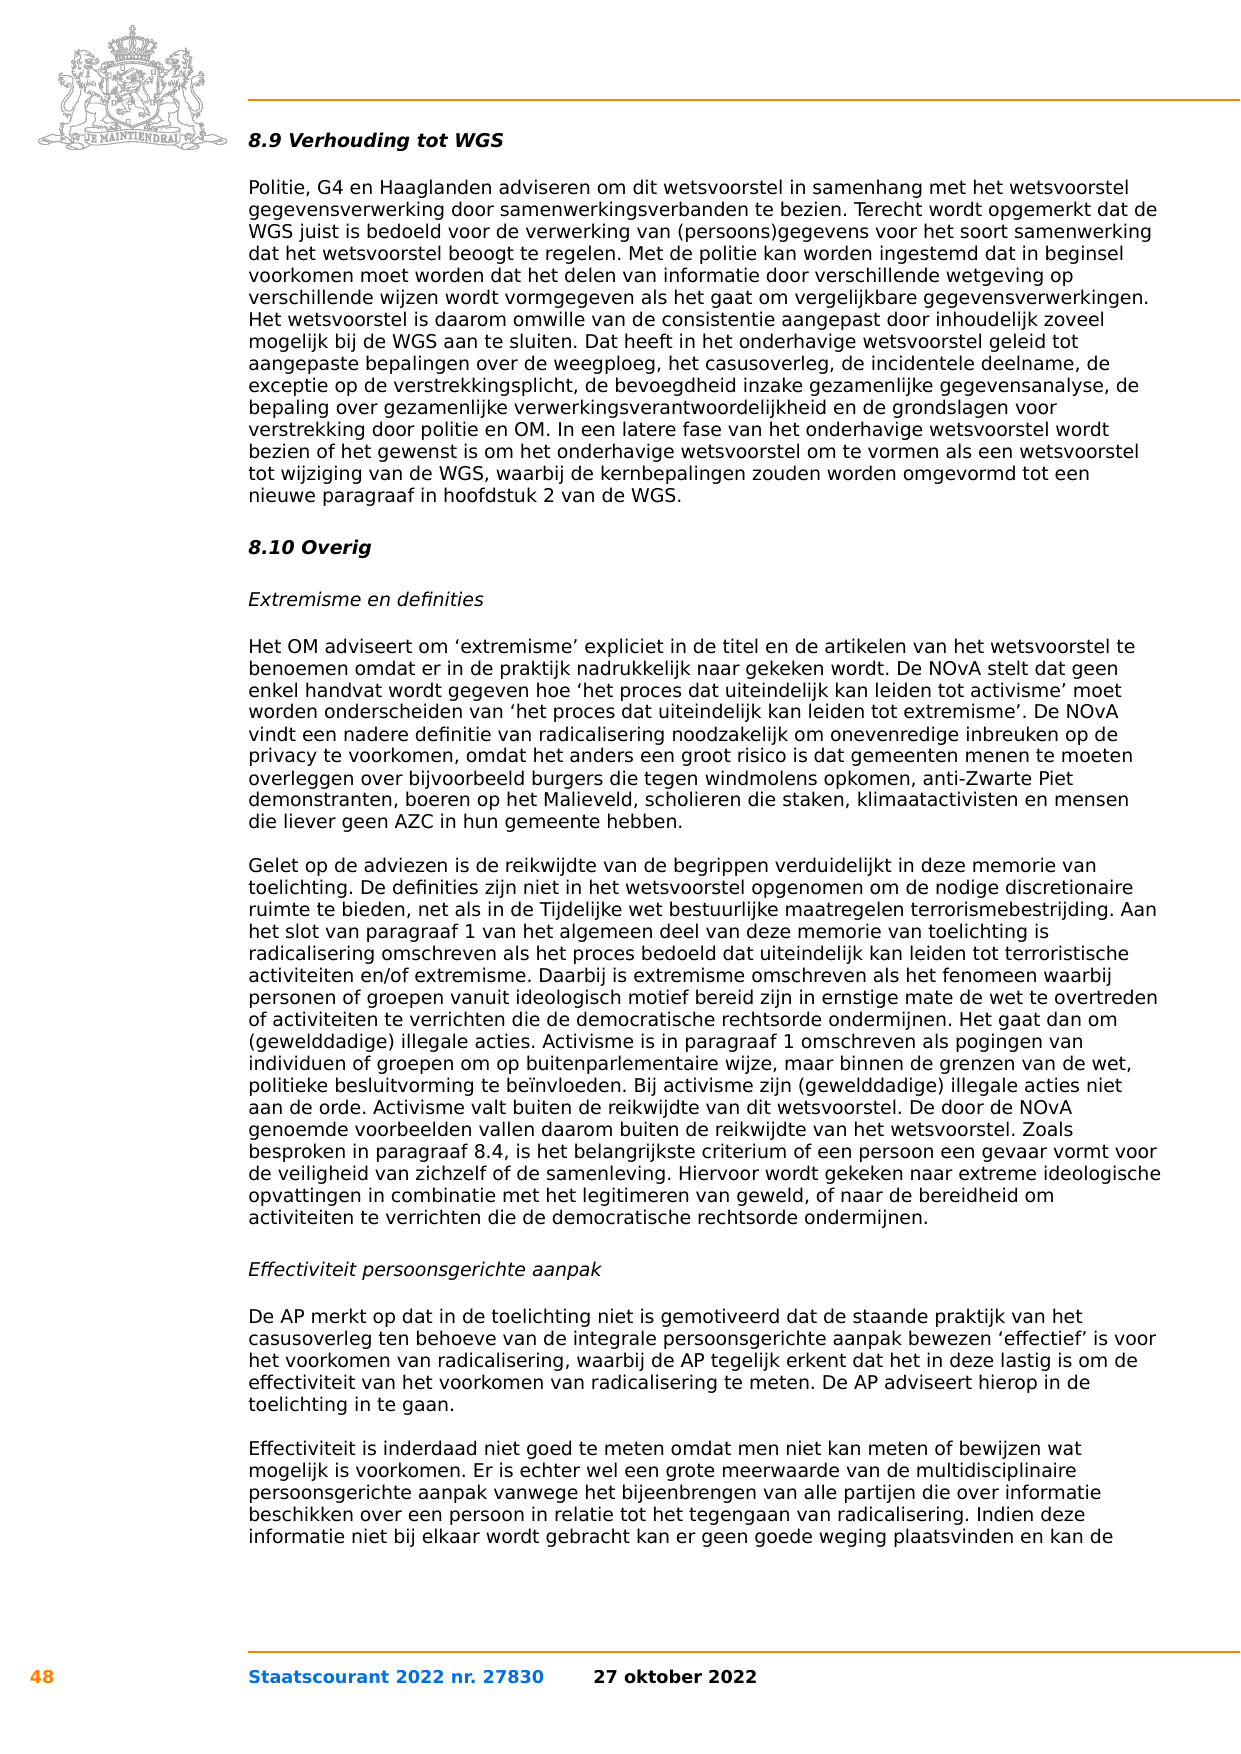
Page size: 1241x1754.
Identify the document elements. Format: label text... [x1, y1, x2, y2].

subtitle Effectiviteit persoonsgerichte aanpak [248, 1259, 1163, 1281]
picture [38, 25, 227, 150]
text De AP merkt op dat in de toelichting niet is gemotiveerd dat de staande praktijk van het casusoverleg ten behoeve van de integrale persoonsgerichte aanpak bewezen ‘effectief’ is voor het voorkomen van radicalisering, waarbij de AP tegelijk erkent dat het in deze lastig is om de effectiviteit van het voorkomen van radicalisering te meten. De AP adviseert hierop in de toelichting in te gaan. [248, 1306, 1163, 1416]
subtitle 8.9 Verhouding tot WGS [248, 130, 1163, 152]
text Effectiviteit is inderdaad niet goed te meten omdat men niet kan meten of bewijzen wat mogelijk is voorkomen. Er is echter wel een grote meerwaarde van de multidisciplinaire persoonsgerichte aanpak vanwege het bijeenbrengen van alle partijen die over informatie beschikken over een persoon in relatie tot het tegengaan van radicalisering. Indien deze informatie niet bij elkaar wordt gebracht kan er geen goede weging plaatsvinden en kan de [248, 1438, 1163, 1547]
text Het OM adviseert om ‘extremisme’ expliciet in de titel en de artikelen van het wetsvoorstel te benoemen omdat er in de praktijk nadrukkelijk naar gekeken wordt. De NOvA stelt dat geen enkel handvat wordt gegeven hoe ‘het proces dat uiteindelijk kan leiden tot activisme’ moet worden onderscheiden van ‘het proces dat uiteindelijk kan leiden tot extremisme’. De NOvA vindt een nadere definitie van radicalisering noodzakelijk om onevenredige inbreuken op de privacy te voorkomen, omdat het anders een groot risico is dat gemeenten menen te moeten overleggen over bijvoorbeeld burgers die tegen windmolens opkomen, anti-Zwarte Piet demonstranten, boeren op het Malieveld, scholieren die staken, klimaatactivisten en mensen die liever geen AZC in hun gemeente hebben. [248, 636, 1163, 833]
text Gelet op de adviezen is de reikwijdte van de begrippen verduidelijkt in deze memorie van toelichting. De definities zijn niet in het wetsvoorstel opgenomen om de nodige discretionaire ruimte te bieden, net als in de Tijdelijke wet bestuurlijke maatregelen terrorismebestrijding. Aan het slot van paragraaf 1 van het algemeen deel van deze memorie van toelichting is radicalisering omschreven als het proces bedoeld dat uiteindelijk kan leiden tot terroristische activiteiten en/of extremisme. Daarbij is extremisme omschreven als het fenomeen waarbij personen of groepen vanuit ideologisch motief bereid zijn in ernstige mate de wet te overtreden of activiteiten te verrichten die de democratische rechtsorde ondermijnen. Het gaat dan om (gewelddadige) illegale acties. Activisme is in paragraaf 1 omschreven als pogingen van individuen of groepen om op buitenparlementaire wijze, maar binnen de grenzen van de wet, politieke besluitvorming te beïnvloeden. Bij activisme zijn (gewelddadige) illegale acties niet aan de orde. Activisme valt buiten de reikwijdte van dit wetsvoorstel. De door de NOvA genoemde voorbeelden vallen daarom buiten de reikwijdte van het wetsvoorstel. Zoals besproken in paragraaf 8.4, is het belangrijkste criterium of een persoon een gevaar vormt voor de veiligheid van zichzelf of de samenleving. Hiervoor wordt gekeken naar extreme ideologische opvattingen in combinatie met het legitimeren van geweld, of naar de bereidheid om activiteiten te verrichten die de democratische rechtsorde ondermijnen. [248, 855, 1163, 1229]
subtitle 8.10 Overig [248, 537, 1163, 558]
text Politie, G4 en Haaglanden adviseren om dit wetsvoorstel in samenhang met het wetsvoorstel gegevensverwerking door samenwerkingsverbanden te bezien. Terecht wordt opgemerkt dat de WGS juist is bedoeld voor de verwerking van (persoons)gegevens voor het soort samenwerking dat het wetsvoorstel beoogt te regelen. Met de politie kan worden ingestemd dat in beginsel voorkomen moet worden dat het delen van informatie door verschillende wetgeving op verschillende wijzen wordt vormgegeven als het gaat om vergelijkbare gegevensverwerkingen. Het wetsvoorstel is daarom omwille van de consistentie aangepast door inhoudelijk zoveel mogelijk bij de WGS aan te sluiten. Dat heeft in het onderhavige wetsvoorstel geleid tot aangepaste bepalingen over de weegploeg, het casusoverleg, de incidentele deelname, de exceptie op de verstrekkingsplicht, de bevoegdheid inzake gezamenlijke gegevensanalyse, de bepaling over gezamenlijke verwerkingsverantwoordelijkheid en de grondslagen voor verstrekking door politie en OM. In een latere fase van het onderhavige wetsvoorstel wordt bezien of het gewenst is om het onderhavige wetsvoorstel om te vormen als een wetsvoorstel tot wijziging van de WGS, waarbij de kernbepalingen zouden worden omgevormd tot een nieuwe paragraaf in hoofdstuk 2 van de WGS. [248, 177, 1163, 507]
subtitle Extremisme en definities [248, 588, 1163, 611]

======

**AIM OF THE TASK**
All that is needed is the data above, repeated exactly, without the pictures.

**EXPECTED ANSWER**
Page size: 1241x1754.
Identify the document elements. Format: label text... [x1, y1, x2, y2].

subtitle Effectiviteit persoonsgerichte aanpak [248, 1259, 1163, 1281]
picture [38, 25, 227, 150]
text De AP merkt op dat in de toelichting niet is gemotiveerd dat de staande praktijk van het casusoverleg ten behoeve van de integrale persoonsgerichte aanpak bewezen ‘effectief’ is voor het voorkomen van radicalisering, waarbij de AP tegelijk erkent dat het in deze lastig is om de effectiviteit van het voorkomen van radicalisering te meten. De AP adviseert hierop in de toelichting in te gaan. [248, 1306, 1163, 1416]
subtitle 8.9 Verhouding tot WGS [248, 130, 1163, 152]
text Effectiviteit is inderdaad niet goed te meten omdat men niet kan meten of bewijzen wat mogelijk is voorkomen. Er is echter wel een grote meerwaarde van de multidisciplinaire persoonsgerichte aanpak vanwege het bijeenbrengen van alle partijen die over informatie beschikken over een persoon in relatie tot het tegengaan van radicalisering. Indien deze informatie niet bij elkaar wordt gebracht kan er geen goede weging plaatsvinden en kan de [248, 1438, 1163, 1547]
text Het OM adviseert om ‘extremisme’ expliciet in de titel en de artikelen van het wetsvoorstel te benoemen omdat er in de praktijk nadrukkelijk naar gekeken wordt. De NOvA stelt dat geen enkel handvat wordt gegeven hoe ‘het proces dat uiteindelijk kan leiden tot activisme’ moet worden onderscheiden van ‘het proces dat uiteindelijk kan leiden tot extremisme’. De NOvA vindt een nadere definitie van radicalisering noodzakelijk om onevenredige inbreuken op de privacy te voorkomen, omdat het anders een groot risico is dat gemeenten menen te moeten overleggen over bijvoorbeeld burgers die tegen windmolens opkomen, anti-Zwarte Piet demonstranten, boeren op het Malieveld, scholieren die staken, klimaatactivisten en mensen die liever geen AZC in hun gemeente hebben. [248, 636, 1163, 833]
text Gelet op de adviezen is de reikwijdte van de begrippen verduidelijkt in deze memorie van toelichting. De definities zijn niet in het wetsvoorstel opgenomen om de nodige discretionaire ruimte te bieden, net als in de Tijdelijke wet bestuurlijke maatregelen terrorismebestrijding. Aan het slot van paragraaf 1 van het algemeen deel van deze memorie van toelichting is radicalisering omschreven als het proces bedoeld dat uiteindelijk kan leiden tot terroristische activiteiten en/of extremisme. Daarbij is extremisme omschreven als het fenomeen waarbij personen of groepen vanuit ideologisch motief bereid zijn in ernstige mate de wet te overtreden of activiteiten te verrichten die de democratische rechtsorde ondermijnen. Het gaat dan om (gewelddadige) illegale acties. Activisme is in paragraaf 1 omschreven als pogingen van individuen of groepen om op buitenparlementaire wijze, maar binnen de grenzen van de wet, politieke besluitvorming te beïnvloeden. Bij activisme zijn (gewelddadige) illegale acties niet aan de orde. Activisme valt buiten de reikwijdte van dit wetsvoorstel. De door de NOvA genoemde voorbeelden vallen daarom buiten de reikwijdte van het wetsvoorstel. Zoals besproken in paragraaf 8.4, is het belangrijkste criterium of een persoon een gevaar vormt voor de veiligheid van zichzelf of de samenleving. Hiervoor wordt gekeken naar extreme ideologische opvattingen in combinatie met het legitimeren van geweld, of naar de bereidheid om activiteiten te verrichten die de democratische rechtsorde ondermijnen. [248, 855, 1163, 1229]
subtitle 8.10 Overig [248, 537, 1163, 558]
text Politie, G4 en Haaglanden adviseren om dit wetsvoorstel in samenhang met het wetsvoorstel gegevensverwerking door samenwerkingsverbanden te bezien. Terecht wordt opgemerkt dat de WGS juist is bedoeld voor de verwerking van (persoons)gegevens voor het soort samenwerking dat het wetsvoorstel beoogt te regelen. Met de politie kan worden ingestemd dat in beginsel voorkomen moet worden dat het delen van informatie door verschillende wetgeving op verschillende wijzen wordt vormgegeven als het gaat om vergelijkbare gegevensverwerkingen. Het wetsvoorstel is daarom omwille van de consistentie aangepast door inhoudelijk zoveel mogelijk bij de WGS aan te sluiten. Dat heeft in het onderhavige wetsvoorstel geleid tot aangepaste bepalingen over de weegploeg, het casusoverleg, de incidentele deelname, de exceptie op de verstrekkingsplicht, de bevoegdheid inzake gezamenlijke gegevensanalyse, de bepaling over gezamenlijke verwerkingsverantwoordelijkheid en de grondslagen voor verstrekking door politie en OM. In een latere fase van het onderhavige wetsvoorstel wordt bezien of het gewenst is om het onderhavige wetsvoorstel om te vormen als een wetsvoorstel tot wijziging van de WGS, waarbij de kernbepalingen zouden worden omgevormd tot een nieuwe paragraaf in hoofdstuk 2 van de WGS. [248, 177, 1163, 507]
subtitle Extremisme en definities [248, 588, 1163, 611]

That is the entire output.